In your answer, transcribe all of the data exactly.

Recorded data
================================
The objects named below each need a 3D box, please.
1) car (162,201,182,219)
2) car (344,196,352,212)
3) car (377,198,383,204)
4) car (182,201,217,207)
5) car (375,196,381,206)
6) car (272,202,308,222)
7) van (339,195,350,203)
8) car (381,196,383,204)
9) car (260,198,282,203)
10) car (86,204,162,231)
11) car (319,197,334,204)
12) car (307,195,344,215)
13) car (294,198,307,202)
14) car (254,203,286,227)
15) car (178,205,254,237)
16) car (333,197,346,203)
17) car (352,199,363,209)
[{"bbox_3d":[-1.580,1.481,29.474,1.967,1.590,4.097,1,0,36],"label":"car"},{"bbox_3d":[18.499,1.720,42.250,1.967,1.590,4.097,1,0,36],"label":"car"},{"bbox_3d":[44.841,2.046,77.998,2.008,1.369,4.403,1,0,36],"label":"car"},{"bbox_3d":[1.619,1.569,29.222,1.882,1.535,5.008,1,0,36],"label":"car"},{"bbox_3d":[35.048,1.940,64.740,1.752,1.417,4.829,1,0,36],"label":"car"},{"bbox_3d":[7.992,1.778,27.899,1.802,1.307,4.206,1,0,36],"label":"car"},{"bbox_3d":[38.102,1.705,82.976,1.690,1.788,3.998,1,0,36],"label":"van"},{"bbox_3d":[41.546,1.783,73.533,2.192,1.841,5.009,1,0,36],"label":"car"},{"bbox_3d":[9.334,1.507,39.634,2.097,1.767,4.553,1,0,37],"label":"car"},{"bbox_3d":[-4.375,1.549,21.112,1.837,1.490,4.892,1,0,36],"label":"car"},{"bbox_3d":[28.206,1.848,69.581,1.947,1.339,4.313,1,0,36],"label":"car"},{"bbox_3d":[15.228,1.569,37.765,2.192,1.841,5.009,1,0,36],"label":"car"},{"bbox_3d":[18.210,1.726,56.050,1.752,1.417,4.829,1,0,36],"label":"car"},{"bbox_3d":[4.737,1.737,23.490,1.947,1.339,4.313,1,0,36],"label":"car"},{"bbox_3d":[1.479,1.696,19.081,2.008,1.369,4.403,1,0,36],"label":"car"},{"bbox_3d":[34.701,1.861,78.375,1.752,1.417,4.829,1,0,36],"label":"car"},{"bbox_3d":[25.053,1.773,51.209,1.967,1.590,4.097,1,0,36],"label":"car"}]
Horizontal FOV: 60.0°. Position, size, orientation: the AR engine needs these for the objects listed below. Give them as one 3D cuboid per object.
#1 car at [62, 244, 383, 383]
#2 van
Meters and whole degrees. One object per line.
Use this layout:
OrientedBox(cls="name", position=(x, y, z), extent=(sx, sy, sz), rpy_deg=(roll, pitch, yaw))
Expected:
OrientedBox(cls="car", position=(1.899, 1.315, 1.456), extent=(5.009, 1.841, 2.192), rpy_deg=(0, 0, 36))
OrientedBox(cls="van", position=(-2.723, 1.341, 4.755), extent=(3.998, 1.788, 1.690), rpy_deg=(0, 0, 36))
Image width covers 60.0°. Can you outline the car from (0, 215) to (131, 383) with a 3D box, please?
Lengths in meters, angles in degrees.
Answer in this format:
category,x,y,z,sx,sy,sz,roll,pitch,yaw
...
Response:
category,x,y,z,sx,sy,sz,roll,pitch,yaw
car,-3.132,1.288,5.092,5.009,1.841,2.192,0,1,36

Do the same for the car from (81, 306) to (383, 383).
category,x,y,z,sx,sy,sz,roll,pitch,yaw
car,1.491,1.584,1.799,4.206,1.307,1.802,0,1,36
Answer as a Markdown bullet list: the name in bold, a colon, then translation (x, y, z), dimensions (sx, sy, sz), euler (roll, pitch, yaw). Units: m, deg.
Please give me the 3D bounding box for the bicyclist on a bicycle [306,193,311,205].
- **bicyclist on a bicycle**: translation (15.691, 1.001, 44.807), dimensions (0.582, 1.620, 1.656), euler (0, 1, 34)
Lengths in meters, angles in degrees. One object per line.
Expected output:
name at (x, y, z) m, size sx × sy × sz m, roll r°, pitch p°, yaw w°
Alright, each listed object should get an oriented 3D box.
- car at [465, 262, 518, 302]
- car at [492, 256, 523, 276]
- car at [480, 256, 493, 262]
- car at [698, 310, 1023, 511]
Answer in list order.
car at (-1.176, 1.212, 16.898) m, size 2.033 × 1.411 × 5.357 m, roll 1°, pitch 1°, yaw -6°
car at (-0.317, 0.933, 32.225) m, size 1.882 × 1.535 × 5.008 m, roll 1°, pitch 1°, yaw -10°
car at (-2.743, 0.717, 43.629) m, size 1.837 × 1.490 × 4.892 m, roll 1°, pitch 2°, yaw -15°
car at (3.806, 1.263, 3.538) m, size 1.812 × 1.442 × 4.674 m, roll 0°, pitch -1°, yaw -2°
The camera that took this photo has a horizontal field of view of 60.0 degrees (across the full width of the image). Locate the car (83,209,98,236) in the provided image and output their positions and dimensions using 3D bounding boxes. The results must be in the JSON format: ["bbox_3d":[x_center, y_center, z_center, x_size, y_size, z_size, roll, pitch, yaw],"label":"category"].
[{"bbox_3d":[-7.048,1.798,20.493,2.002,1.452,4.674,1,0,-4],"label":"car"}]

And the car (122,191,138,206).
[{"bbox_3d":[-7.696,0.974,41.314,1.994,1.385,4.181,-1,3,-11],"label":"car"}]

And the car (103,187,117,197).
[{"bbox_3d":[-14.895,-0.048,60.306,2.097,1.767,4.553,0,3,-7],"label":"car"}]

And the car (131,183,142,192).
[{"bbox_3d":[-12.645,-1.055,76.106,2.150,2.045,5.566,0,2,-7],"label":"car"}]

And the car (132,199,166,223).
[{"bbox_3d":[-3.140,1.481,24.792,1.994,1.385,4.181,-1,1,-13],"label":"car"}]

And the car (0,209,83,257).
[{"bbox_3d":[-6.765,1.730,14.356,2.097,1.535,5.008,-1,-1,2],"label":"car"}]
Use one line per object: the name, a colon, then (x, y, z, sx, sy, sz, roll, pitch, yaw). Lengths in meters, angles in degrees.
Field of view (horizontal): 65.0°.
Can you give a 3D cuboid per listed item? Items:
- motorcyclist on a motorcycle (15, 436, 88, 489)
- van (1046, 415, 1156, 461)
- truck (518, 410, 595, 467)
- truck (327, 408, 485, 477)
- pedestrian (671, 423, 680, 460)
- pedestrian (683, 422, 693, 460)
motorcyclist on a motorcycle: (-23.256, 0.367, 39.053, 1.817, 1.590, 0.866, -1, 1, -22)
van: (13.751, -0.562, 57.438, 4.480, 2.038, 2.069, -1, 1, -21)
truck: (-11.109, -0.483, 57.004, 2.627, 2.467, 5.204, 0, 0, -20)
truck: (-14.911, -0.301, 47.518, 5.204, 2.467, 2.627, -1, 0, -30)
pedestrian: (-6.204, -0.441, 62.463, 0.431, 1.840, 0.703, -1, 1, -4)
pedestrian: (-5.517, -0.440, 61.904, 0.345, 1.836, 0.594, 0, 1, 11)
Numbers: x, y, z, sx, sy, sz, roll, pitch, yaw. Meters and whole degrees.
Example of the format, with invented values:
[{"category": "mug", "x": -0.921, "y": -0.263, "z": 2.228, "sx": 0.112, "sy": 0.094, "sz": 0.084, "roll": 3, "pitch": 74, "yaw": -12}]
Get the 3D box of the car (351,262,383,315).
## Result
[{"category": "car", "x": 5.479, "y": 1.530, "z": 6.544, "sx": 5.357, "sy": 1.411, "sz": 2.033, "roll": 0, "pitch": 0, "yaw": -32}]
================================
→ WORKED SOLUTION
The objects named below each need a 3D box, please.
1) car (162,201,182,219)
2) car (344,196,352,212)
3) car (377,198,383,204)
4) car (182,201,217,207)
5) car (375,196,381,206)
6) car (272,202,308,222)
7) van (339,195,350,203)
8) car (381,196,383,204)
9) car (260,198,282,203)
10) car (86,204,162,231)
11) car (319,197,334,204)
12) car (307,195,344,215)
13) car (294,198,307,202)
14) car (254,203,286,227)
15) car (178,205,254,237)
16) car (333,197,346,203)
17) car (352,199,363,209)
[{"bbox_3d":[-1.580,1.481,29.474,1.967,1.590,4.097,1,0,36],"label":"car"},{"bbox_3d":[18.499,1.720,42.250,1.967,1.590,4.097,1,0,36],"label":"car"},{"bbox_3d":[44.841,2.046,77.998,2.008,1.369,4.403,1,0,36],"label":"car"},{"bbox_3d":[1.619,1.569,29.222,1.882,1.535,5.008,1,0,36],"label":"car"},{"bbox_3d":[35.048,1.940,64.740,1.752,1.417,4.829,1,0,36],"label":"car"},{"bbox_3d":[7.992,1.778,27.899,1.802,1.307,4.206,1,0,36],"label":"car"},{"bbox_3d":[38.102,1.705,82.976,1.690,1.788,3.998,1,0,36],"label":"van"},{"bbox_3d":[41.546,1.783,73.533,2.192,1.841,5.009,1,0,36],"label":"car"},{"bbox_3d":[9.334,1.507,39.634,2.097,1.767,4.553,1,0,37],"label":"car"},{"bbox_3d":[-4.375,1.549,21.112,1.837,1.490,4.892,1,0,36],"label":"car"},{"bbox_3d":[28.206,1.848,69.581,1.947,1.339,4.313,1,0,36],"label":"car"},{"bbox_3d":[15.228,1.569,37.765,2.192,1.841,5.009,1,0,36],"label":"car"},{"bbox_3d":[18.210,1.726,56.050,1.752,1.417,4.829,1,0,36],"label":"car"},{"bbox_3d":[4.737,1.737,23.490,1.947,1.339,4.313,1,0,36],"label":"car"},{"bbox_3d":[1.479,1.696,19.081,2.008,1.369,4.403,1,0,36],"label":"car"},{"bbox_3d":[34.701,1.861,78.375,1.752,1.417,4.829,1,0,36],"label":"car"},{"bbox_3d":[25.053,1.773,51.209,1.967,1.590,4.097,1,0,36],"label":"car"}]
Horizontal FOV: 60.0°. Position, size, orientation: the AR engine needs these for the objects listed below. Give them as one 3D cuboid per object.
#1 car at [62, 244, 383, 383]
#2 van
Meters and whole degrees. One object per line.
Use this layout:
OrientedBox(cls="name", position=(x, y, z), extent=(sx, sy, sz), rpy_deg=(roll, pitch, yaw))
Expected:
OrientedBox(cls="car", position=(1.899, 1.315, 1.456), extent=(5.009, 1.841, 2.192), rpy_deg=(0, 0, 36))
OrientedBox(cls="van", position=(-2.723, 1.341, 4.755), extent=(3.998, 1.788, 1.690), rpy_deg=(0, 0, 36))
Image width covers 60.0°. Can you outline the car from (0, 215) to (131, 383) with a 3D box, please?
Lengths in meters, angles in degrees.
Answer in this format:
category,x,y,z,sx,sy,sz,roll,pitch,yaw
...
Response:
category,x,y,z,sx,sy,sz,roll,pitch,yaw
car,-3.132,1.288,5.092,5.009,1.841,2.192,0,1,36

Do the same for the car from (81, 306) to (383, 383).
category,x,y,z,sx,sy,sz,roll,pitch,yaw
car,1.491,1.584,1.799,4.206,1.307,1.802,0,1,36
Answer as a Markdown bullet list: the name in bold, a colon, then translation (x, y, z), dimensions (sx, sy, sz), euler (roll, pitch, yaw). Units: m, deg.
Please give me the 3D bounding box for the bicyclist on a bicycle [306,193,311,205].
- **bicyclist on a bicycle**: translation (15.691, 1.001, 44.807), dimensions (0.582, 1.620, 1.656), euler (0, 1, 34)
Lengths in meters, angles in degrees. One object per line.
Expected output:
name at (x, y, z) m, size sx × sy × sz m, roll r°, pitch p°, yaw w°
Alright, each listed object should get an oriented 3D box.
- car at [465, 262, 518, 302]
- car at [492, 256, 523, 276]
- car at [480, 256, 493, 262]
- car at [698, 310, 1023, 511]
Answer in list order.
car at (-1.176, 1.212, 16.898) m, size 2.033 × 1.411 × 5.357 m, roll 1°, pitch 1°, yaw -6°
car at (-0.317, 0.933, 32.225) m, size 1.882 × 1.535 × 5.008 m, roll 1°, pitch 1°, yaw -10°
car at (-2.743, 0.717, 43.629) m, size 1.837 × 1.490 × 4.892 m, roll 1°, pitch 2°, yaw -15°
car at (3.806, 1.263, 3.538) m, size 1.812 × 1.442 × 4.674 m, roll 0°, pitch -1°, yaw -2°
The camera that took this photo has a horizontal field of view of 60.0 degrees (across the full width of the image). Locate the car (83,209,98,236) in the provided image and output their positions and dimensions using 3D bounding boxes. The results must be in the JSON format: ["bbox_3d":[x_center, y_center, z_center, x_size, y_size, z_size, roll, pitch, yaw],"label":"category"].
[{"bbox_3d":[-7.048,1.798,20.493,2.002,1.452,4.674,1,0,-4],"label":"car"}]

And the car (122,191,138,206).
[{"bbox_3d":[-7.696,0.974,41.314,1.994,1.385,4.181,-1,3,-11],"label":"car"}]

And the car (103,187,117,197).
[{"bbox_3d":[-14.895,-0.048,60.306,2.097,1.767,4.553,0,3,-7],"label":"car"}]

And the car (131,183,142,192).
[{"bbox_3d":[-12.645,-1.055,76.106,2.150,2.045,5.566,0,2,-7],"label":"car"}]

And the car (132,199,166,223).
[{"bbox_3d":[-3.140,1.481,24.792,1.994,1.385,4.181,-1,1,-13],"label":"car"}]

And the car (0,209,83,257).
[{"bbox_3d":[-6.765,1.730,14.356,2.097,1.535,5.008,-1,-1,2],"label":"car"}]
Use one line per object: the name, a colon, then (x, y, z, sx, sy, sz, roll, pitch, yaw). Lengths in meters, angles in degrees.
Field of view (horizontal): 65.0°.
Can you give a 3D cuboid per listed item? Items:
- motorcyclist on a motorcycle (15, 436, 88, 489)
- van (1046, 415, 1156, 461)
- truck (518, 410, 595, 467)
- truck (327, 408, 485, 477)
- pedestrian (671, 423, 680, 460)
- pedestrian (683, 422, 693, 460)
motorcyclist on a motorcycle: (-23.256, 0.367, 39.053, 1.817, 1.590, 0.866, -1, 1, -22)
van: (13.751, -0.562, 57.438, 4.480, 2.038, 2.069, -1, 1, -21)
truck: (-11.109, -0.483, 57.004, 2.627, 2.467, 5.204, 0, 0, -20)
truck: (-14.911, -0.301, 47.518, 5.204, 2.467, 2.627, -1, 0, -30)
pedestrian: (-6.204, -0.441, 62.463, 0.431, 1.840, 0.703, -1, 1, -4)
pedestrian: (-5.517, -0.440, 61.904, 0.345, 1.836, 0.594, 0, 1, 11)
Numbers: x, y, z, sx, sy, sz, roll, pitch, yaw. Meters and whole degrees.
Example of the format, with invented values:
[{"category": "mug", "x": -0.921, "y": -0.263, "z": 2.228, "sx": 0.112, "sy": 0.094, "sz": 0.084, "roll": 3, "pitch": 74, "yaw": -12}]
Get the 3D box of the car (351,262,383,315).
## Result
[{"category": "car", "x": 5.479, "y": 1.530, "z": 6.544, "sx": 5.357, "sy": 1.411, "sz": 2.033, "roll": 0, "pitch": 0, "yaw": -32}]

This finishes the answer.